The same architecture transfers because the hard problem is not television-specific. It is extracting a coherent, cited, queryable record from material too long and too interdependent for one model call to hold in its head. Entertainment is where we stress-tested it. It is not where it stops.

CATALOGUE LAYER Title Talent Genre Studio STORY-INTERNAL LAYER · fabula Character Event Belief Causal link Scene Provenance
fig. 02 — catalogue graphs above, story graphs below

supply chain

The data well is running dry.

High-quality text — the kind you can train an AI on — is nearly exhausted (Epoch AI). Scraping the web again just gives you remixed garbage, like a studio endlessly rebooting the same franchise until it’s a zombie. Models trained on their own outputs degrade, losing signal and originality (Nature, 2024).

Fabula doesn’t scrape. It reads. It produces new, structured, sourced data from material that’s historically been a black box: long-form narrative.

Not reheating leftovers; opening a new kitchen. Every fact, character, and event is linked back to its source line in the script, published as datasets on Hugging Face.

Existing material in.

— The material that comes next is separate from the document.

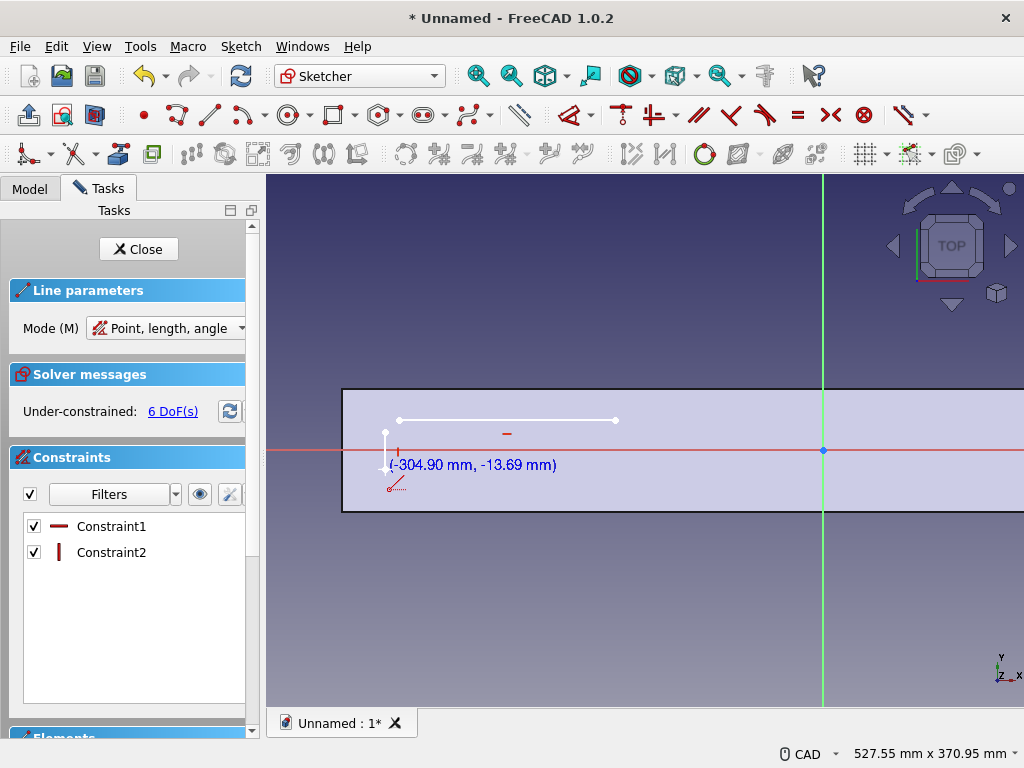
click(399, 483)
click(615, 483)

New, structured, queryable data out.

first run, syndication, streaming

A boutique market we can serve now, opening into a much larger one.

The TAM numbers below are sized to specific buyers, not the entire entertainment industry. We are selling into the first today; the second and third are how the same architecture grows. We've avoided summing them.

Today · canonical record $500M

Sized to studios and production companies that need a canonical record of their IP — the writers’ room reference, the bible that doesn’t drift, the asset that gets handed across seasons and adaptations. Today this work happens manually, by people whose memory is the asset.

Next · ai retrieval $5B

Sized to AI tooling spend on retrieval over IP libraries: game adaptation pipelines, video grounding, virtual production prep. The graph is the input layer most of these tools need.

Long-run · synthetic media $50B+

Sized to AI-assisted content creation if it scales as forecast. The bottleneck for any system generating long-form story is having a queryable canonical record. We make that record.

the cold open

Fabula uses AI to build computable story canon for scripted entertainment.

Where LLMs hallucinate, Fabula brings receipts.